Nobody thought about machines. Nobody had to.

GitHub today: 420 million repositories – the world’s largest unintentional AI training dataset, built by humans for humans, read by machines for everything.

The Unintended Consequence of 20 Years of Open Source

Fast forward to today. GitHub hosts over 420 million repositories. The platform has become, without anyone planning it that way, the single largest structured dataset of human reasoning about software in existence. Not raw text, not unstructured web crawls – but versioned, annotated, context-rich artifacts of how engineers think, communicate, decide, and build.

When OpenAI trained Codex, when DeepMind built AlphaCode, when Anthropic trained Claude – they all fed on this corpus. The commit messages, the PR discussions, the inline comments, the issue threads, the README files. Git history is, quite literally, the autobiography of software development, and AI learned to read it before most organizations realized what they were giving away.

The irony is profound. A version control system designed for human collaboration became the substrate for training non-human intelligence. Git was the library. GitHub was the librarian. And the AI models were the quiet students who read everything, remembered everything, and said nothing.

What Does a Machine Actually Learn from a Repository?

This is where it gets interesting – and where most CTO conversations I have still miss the point. The common assumption is that AI learns “code” from GitHub. That is technically true but deeply incomplete. What AI systems actually absorb is something far richer: the relationship between intent and implementation.

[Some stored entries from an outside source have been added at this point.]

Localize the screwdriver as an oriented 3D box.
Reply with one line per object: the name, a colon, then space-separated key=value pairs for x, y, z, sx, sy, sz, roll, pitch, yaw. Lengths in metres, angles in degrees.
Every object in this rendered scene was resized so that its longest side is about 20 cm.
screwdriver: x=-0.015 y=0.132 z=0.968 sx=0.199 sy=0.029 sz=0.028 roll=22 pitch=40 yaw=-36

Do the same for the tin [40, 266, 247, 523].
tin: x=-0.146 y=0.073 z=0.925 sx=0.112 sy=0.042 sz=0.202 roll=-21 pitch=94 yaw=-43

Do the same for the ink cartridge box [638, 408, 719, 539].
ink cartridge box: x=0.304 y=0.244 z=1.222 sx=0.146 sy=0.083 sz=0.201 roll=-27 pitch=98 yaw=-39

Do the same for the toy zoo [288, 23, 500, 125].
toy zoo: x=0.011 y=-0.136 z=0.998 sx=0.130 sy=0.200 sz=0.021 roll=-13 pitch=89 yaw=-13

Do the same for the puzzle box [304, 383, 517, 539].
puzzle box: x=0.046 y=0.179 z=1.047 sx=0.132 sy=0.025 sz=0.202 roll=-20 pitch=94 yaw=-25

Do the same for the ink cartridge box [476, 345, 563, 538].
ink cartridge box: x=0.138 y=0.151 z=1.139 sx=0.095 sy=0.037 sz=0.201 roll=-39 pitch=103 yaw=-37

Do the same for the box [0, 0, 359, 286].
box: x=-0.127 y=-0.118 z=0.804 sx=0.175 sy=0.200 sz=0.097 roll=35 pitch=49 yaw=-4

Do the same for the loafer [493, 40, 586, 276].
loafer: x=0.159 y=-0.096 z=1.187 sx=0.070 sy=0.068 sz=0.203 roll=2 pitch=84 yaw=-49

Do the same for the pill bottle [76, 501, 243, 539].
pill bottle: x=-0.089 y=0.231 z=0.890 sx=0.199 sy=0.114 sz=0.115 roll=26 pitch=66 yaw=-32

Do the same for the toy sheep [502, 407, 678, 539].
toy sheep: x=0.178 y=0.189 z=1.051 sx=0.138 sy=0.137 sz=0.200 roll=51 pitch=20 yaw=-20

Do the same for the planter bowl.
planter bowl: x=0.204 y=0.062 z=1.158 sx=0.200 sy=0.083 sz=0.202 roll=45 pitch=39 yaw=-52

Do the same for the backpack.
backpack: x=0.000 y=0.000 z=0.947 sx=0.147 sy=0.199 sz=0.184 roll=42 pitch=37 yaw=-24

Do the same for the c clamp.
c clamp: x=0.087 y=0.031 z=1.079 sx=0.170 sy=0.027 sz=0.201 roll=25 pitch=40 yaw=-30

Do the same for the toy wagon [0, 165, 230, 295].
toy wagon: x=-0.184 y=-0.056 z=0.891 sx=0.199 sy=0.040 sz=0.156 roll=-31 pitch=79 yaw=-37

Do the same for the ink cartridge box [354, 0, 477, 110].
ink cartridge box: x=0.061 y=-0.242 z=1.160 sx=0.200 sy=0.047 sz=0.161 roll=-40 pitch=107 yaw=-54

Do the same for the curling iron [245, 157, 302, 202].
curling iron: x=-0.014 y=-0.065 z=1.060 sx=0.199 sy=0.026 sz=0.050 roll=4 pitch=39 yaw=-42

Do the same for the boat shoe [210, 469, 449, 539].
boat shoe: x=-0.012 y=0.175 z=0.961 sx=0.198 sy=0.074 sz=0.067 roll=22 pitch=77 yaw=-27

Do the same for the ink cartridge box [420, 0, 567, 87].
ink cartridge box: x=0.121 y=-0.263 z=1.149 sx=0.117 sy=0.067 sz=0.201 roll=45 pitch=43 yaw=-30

A commit message that reads “fix edge case in authentication flow when user has expired token” paired with a fifteen-line diff teaches a model not just syntax, but causality. The issue thread that preceded it, the review comments that shaped it, the test that was added afterward – together, they represent a chain of engineering reasoning that no textbook ever captured at scale.

This is fundamentally different from learning from documentation. Documentation describes what code does. Repositories reveal how engineers think about what code should do, why it changes, and under what conditions decisions get revisited. The difference is the difference between reading a law and watching a courtroom.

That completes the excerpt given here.